Forster's greatest success, A Passage to India takes as its subject the relations between East and West, seen through the lens of India in the later days of the British Raj. Forster connects personal relations with the politics of colonialism through the story of the Englishwoman Adela Quested, the Indian Dr. Aziz, and the question of what did or did not happen between them in the Marabar Caves. Forster makes special mention of the author Ahmed Ali and his Twilight in Delhi in a preface to its Everyman's Library Edition. The novel was awarded the James Tait Black Memorial Prize for fiction. A Passage to India was adapted as a play in 1960, directed by Frank Hauser, and as a film in 1984, directed by David Lean, starring Alec Guinness, Judy Davis and Peggy Ashcroft, with the latter winning the 1985 Oscar for Best Supporting Actress.

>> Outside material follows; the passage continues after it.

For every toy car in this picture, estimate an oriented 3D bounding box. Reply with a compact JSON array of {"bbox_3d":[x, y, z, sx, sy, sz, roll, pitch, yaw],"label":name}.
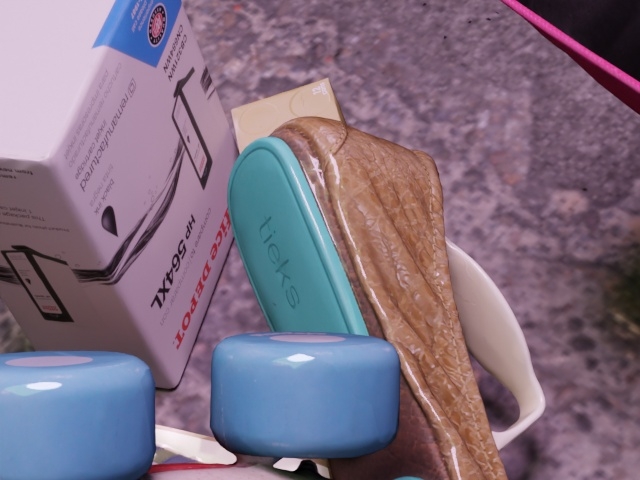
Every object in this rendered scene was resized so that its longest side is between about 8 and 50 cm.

Maurice, published posthumously, is a homosexual love story that also returns to matters familiar from Forster's first three novels, such as the suburbs of London in the English home counties, the experience of attending Cambridge, and the wild landscape of Wiltshire. The novel was controversial, given that Forster's homosexuality had not been publicly known or widely acknowledged. Today's critics continue to debate over the extent to which Forster's sexuality and personal activities influenced his writing. Maurice was adapted as a film in 1987 by the Merchant Ivory team. It starred James Wilby and Hugh Grant who played lovers and Rupert Graves, with Denholm Elliott, Simon Callow and Ben Kingsley in the supporting cast.
Early in his career, Forster attempted a historical novel about the Byzantine scholar Gemistus Pletho and the Italian condottiero Sigismondo de Malatesta, but was dissatisfied with the result and never published it, though he kept the manuscript and later showed it to Naomi Mitchison.